Mamamae and Granddaddy were married 45 years, when he died suddenly on Oct. 29, 1970. Granddaddy was only 62 years old.  Mamamae lived a long time, well into her 80's, after Granddaddy passed away.

                                  
This is the way I remember my grandparents. They gave me unconditional love. The best present a child can ever receive. 

This isn't all of their story by any means, it is the beginning. I want to share their story with my family and friends. I was blessed beyond measure to have had them in my life.

To be continued...

Saturday, June 22, 2013

The Watch From Daddy...Father's Day Memories


When I was about 5 years old, I got an idea in my head that my father was going to mail me a gold watch. Mama and Daddy had been  divorced since I was born.  He was working in construction somewhere out West. The chance of him sending me a watch were slim to none. The chance of him knowing I wanted a watch were nonexistent.
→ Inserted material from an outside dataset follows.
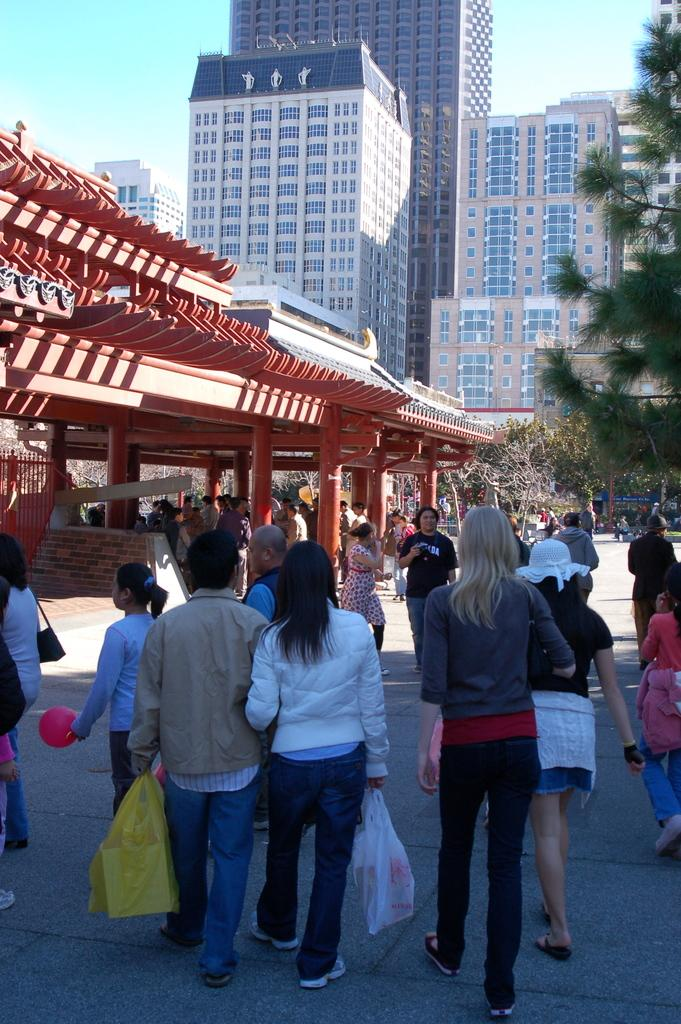What can be seen in the image? There are persons standing in the image. What type of vegetation is present in the image? There are trees in the right corner of the image. What type of structures can be seen in the background? There are buildings in the background of the image. What type of fear can be seen on the faces of the persons in the image? There is no indication of fear on the faces of the persons in the image. Can you describe the sail that is present in the image? There is no sail present in the image.

 When I would ask questions about Daddy, my mother would say, "Honey, he is away working. He can't come home right now." Apparently that satisfied me until the next time I became curious.  There would be long 'spells' when no one knew where Daddy was living. Then like magic, Daddy would drive up and surprise me with a visit. He would stay with Mama Pearl and Papa John, his parents who lived out in the country. I always stayed with them when he came in to visit. I loved those visits, and I loved Daddy very much. I will forever be grateful that Mama allowed me to love Daddy. She could have easily kept me from loving him, but she didn't. She never talked bad about Daddy in front of me. Mama knew how to keep a secret. I would be in my 60's before I knew the whole story and I wouldn't swear I know it all now.  I also did not learn any of it from her. I do know she loved him too... she always did.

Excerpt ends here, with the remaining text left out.